▶ **Task directions**:
In the material below, which lines hold the word "pixels"? Pick each one out.

▶ **Material provided**:
[Start of section]

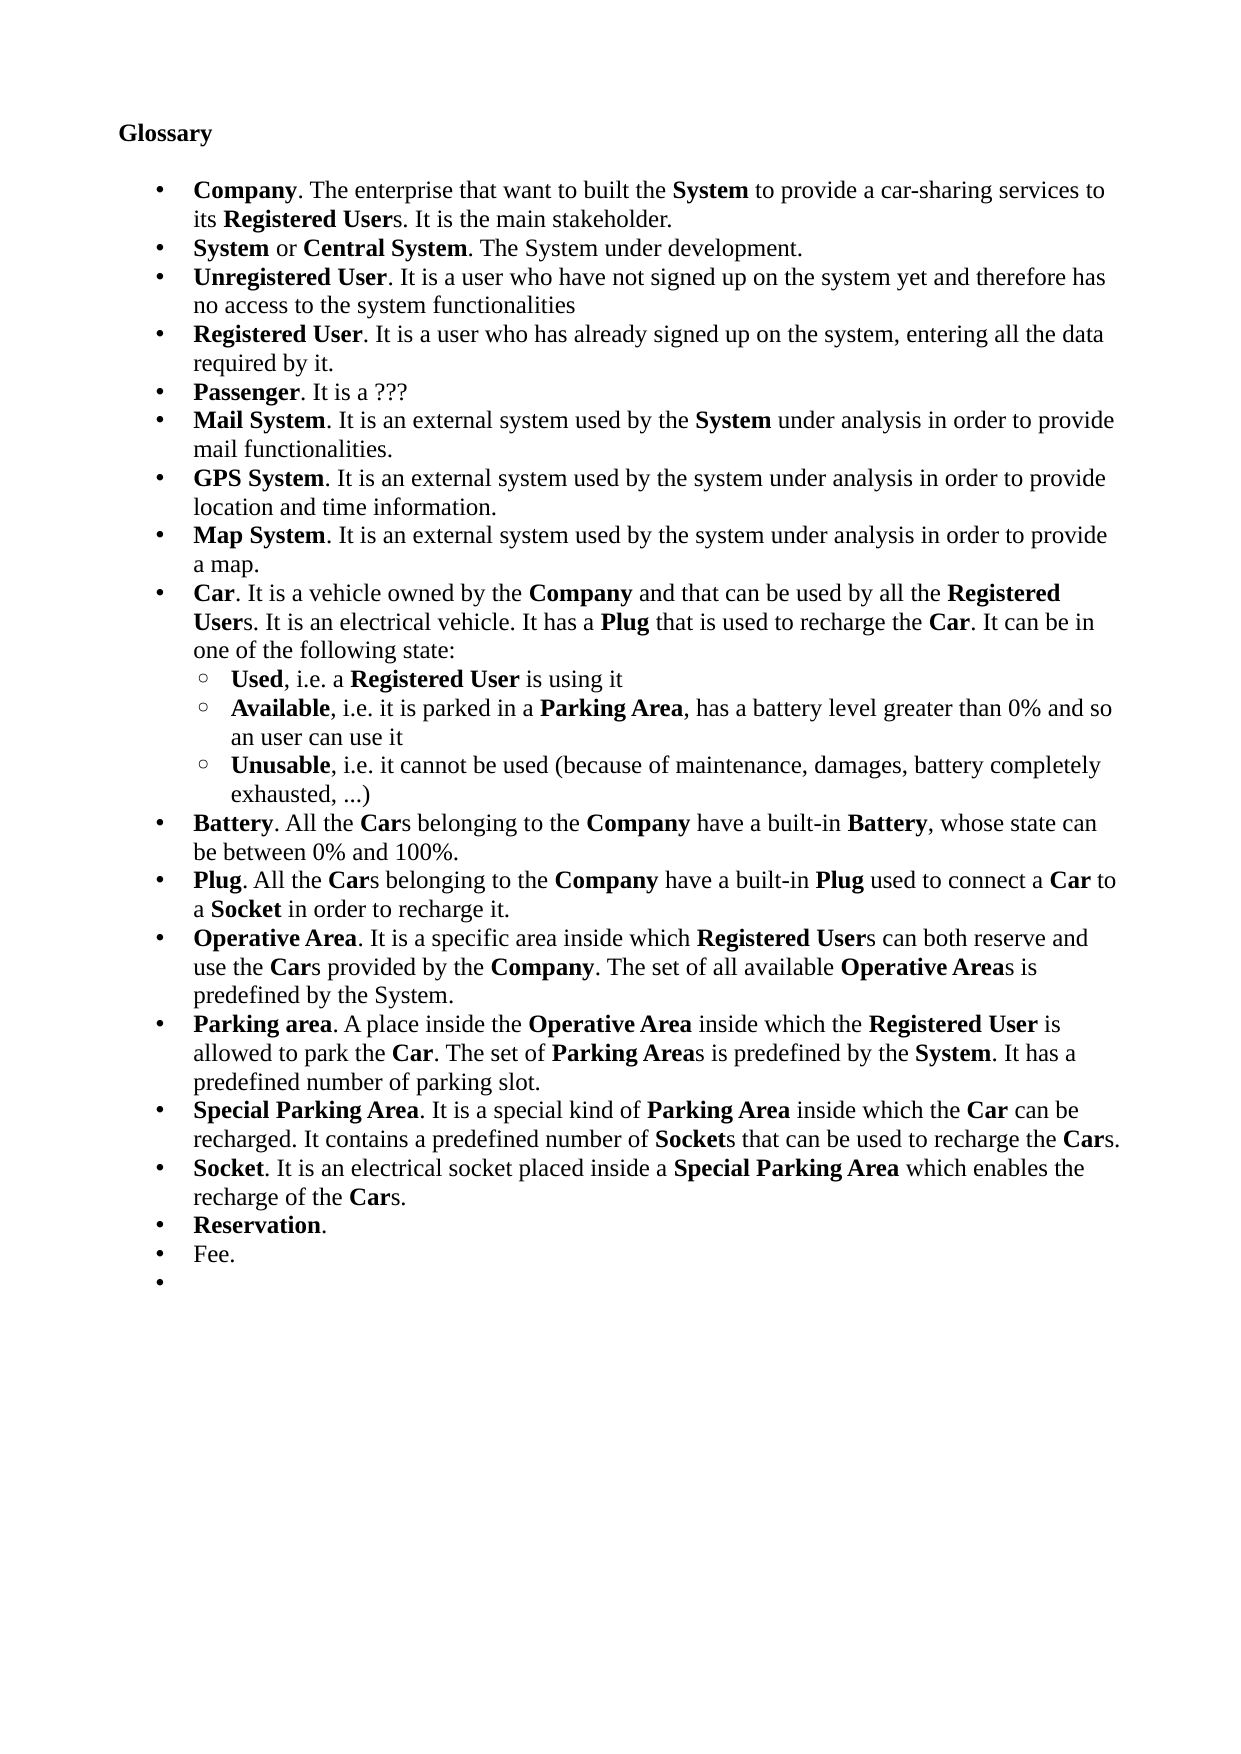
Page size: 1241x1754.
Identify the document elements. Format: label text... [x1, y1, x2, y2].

[End of section]
[Start of section]

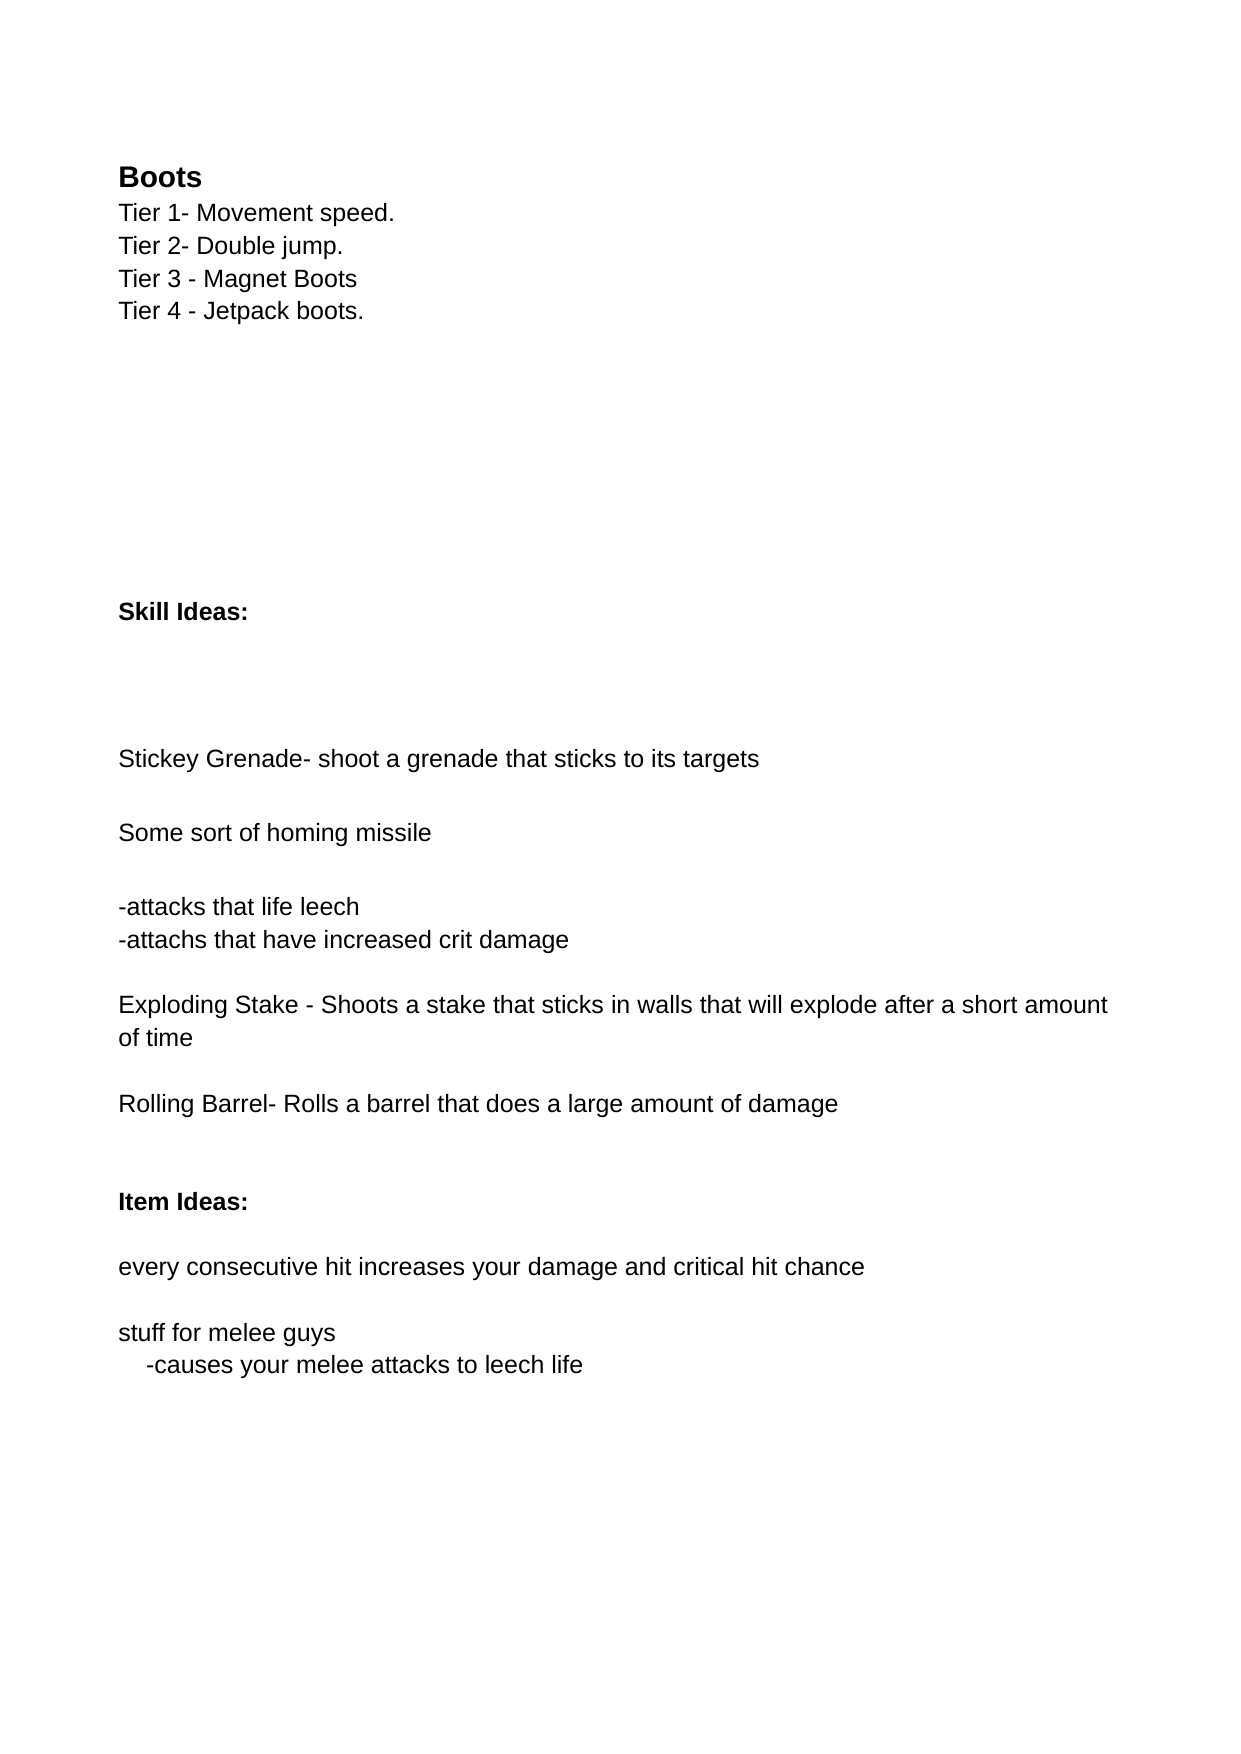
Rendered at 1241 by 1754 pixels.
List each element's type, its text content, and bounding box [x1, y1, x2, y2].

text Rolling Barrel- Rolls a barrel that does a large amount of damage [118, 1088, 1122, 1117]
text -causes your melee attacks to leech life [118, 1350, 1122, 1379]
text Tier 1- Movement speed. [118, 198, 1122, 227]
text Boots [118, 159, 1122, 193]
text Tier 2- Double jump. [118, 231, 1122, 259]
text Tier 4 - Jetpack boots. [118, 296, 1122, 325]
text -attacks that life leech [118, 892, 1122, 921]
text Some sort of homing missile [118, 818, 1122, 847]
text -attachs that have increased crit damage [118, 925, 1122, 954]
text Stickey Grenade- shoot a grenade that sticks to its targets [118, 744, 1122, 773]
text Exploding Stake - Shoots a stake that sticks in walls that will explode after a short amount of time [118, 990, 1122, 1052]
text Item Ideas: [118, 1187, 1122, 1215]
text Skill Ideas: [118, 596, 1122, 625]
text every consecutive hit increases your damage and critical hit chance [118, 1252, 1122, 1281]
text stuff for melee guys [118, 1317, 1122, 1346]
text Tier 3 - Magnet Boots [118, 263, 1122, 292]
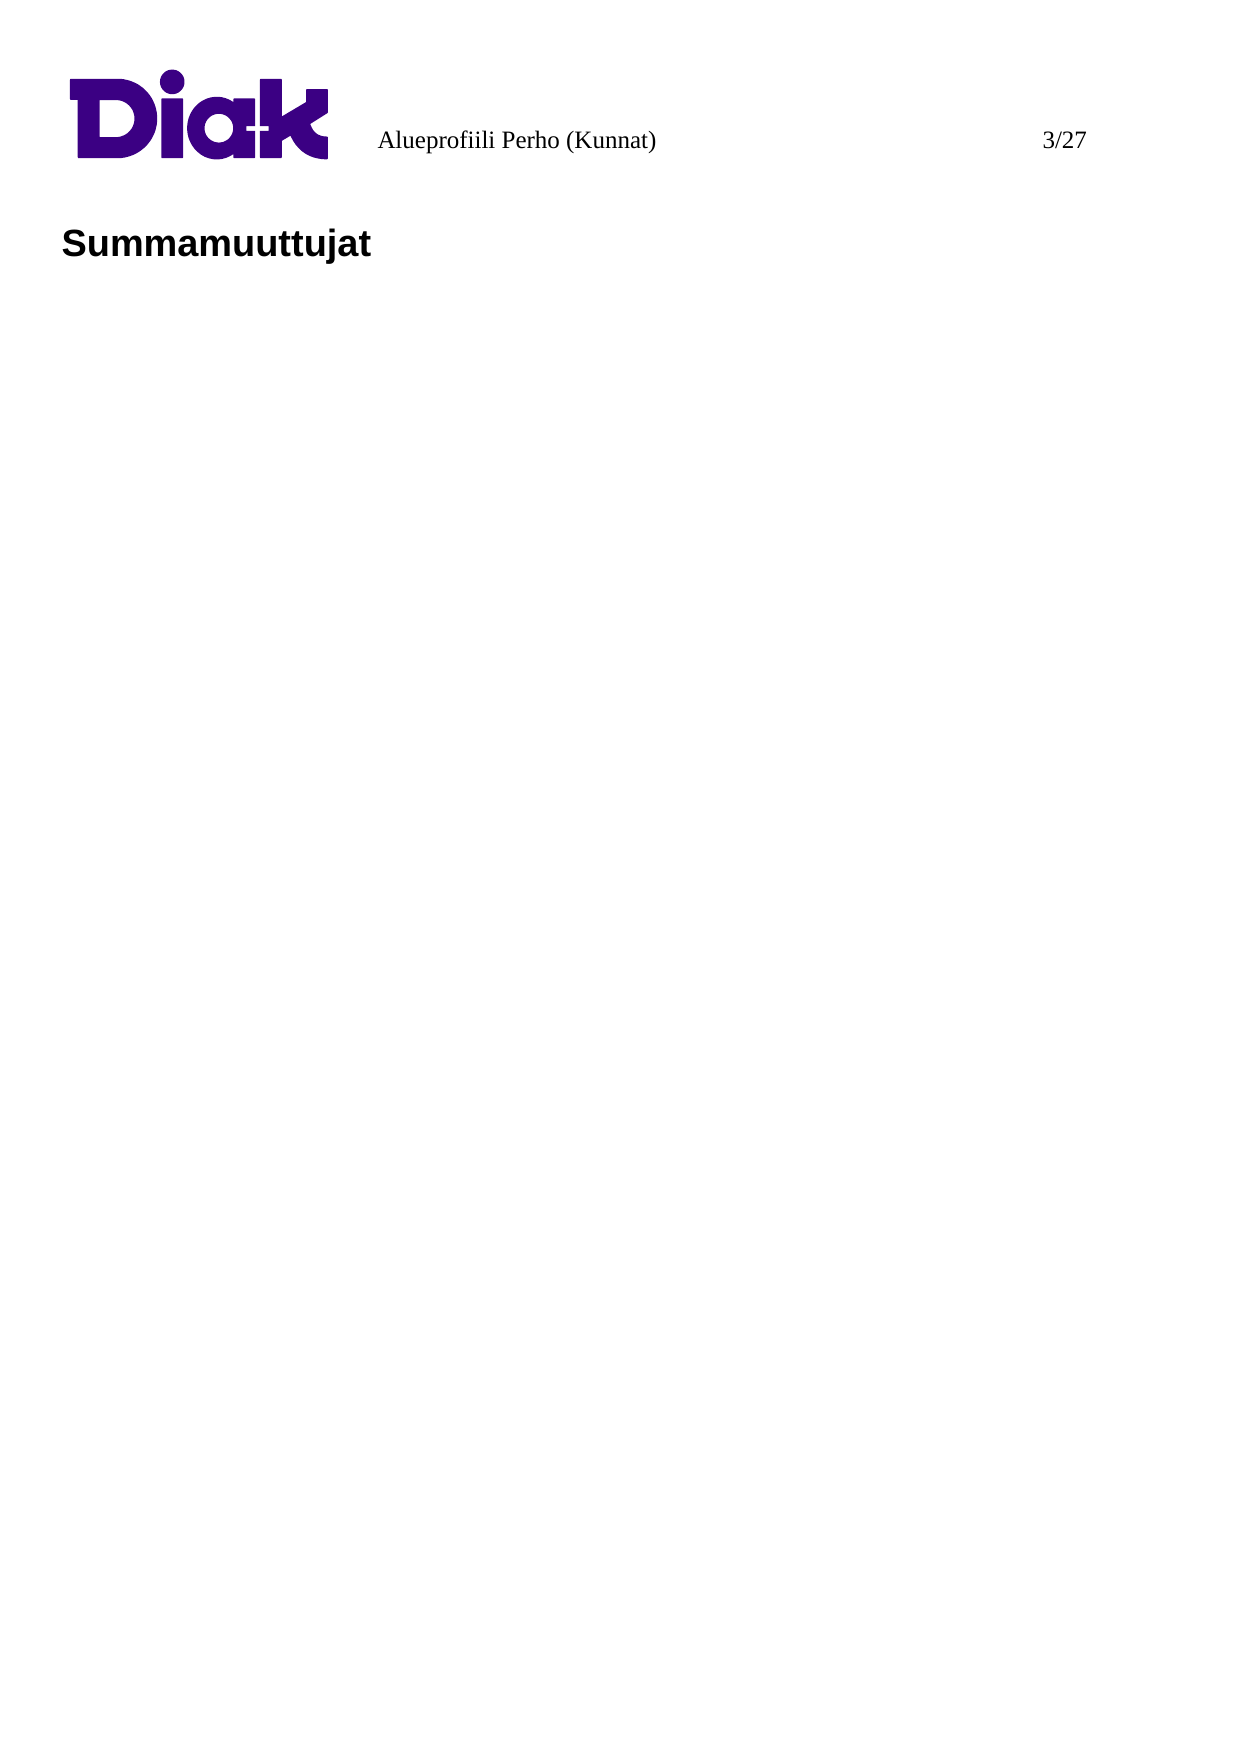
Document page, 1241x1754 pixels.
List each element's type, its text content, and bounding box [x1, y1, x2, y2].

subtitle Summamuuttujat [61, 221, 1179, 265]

[End of section]

▶ **Task response**:
Rendered at 1241 by 1754 pixels.
Document page, 1241x1754 pixels.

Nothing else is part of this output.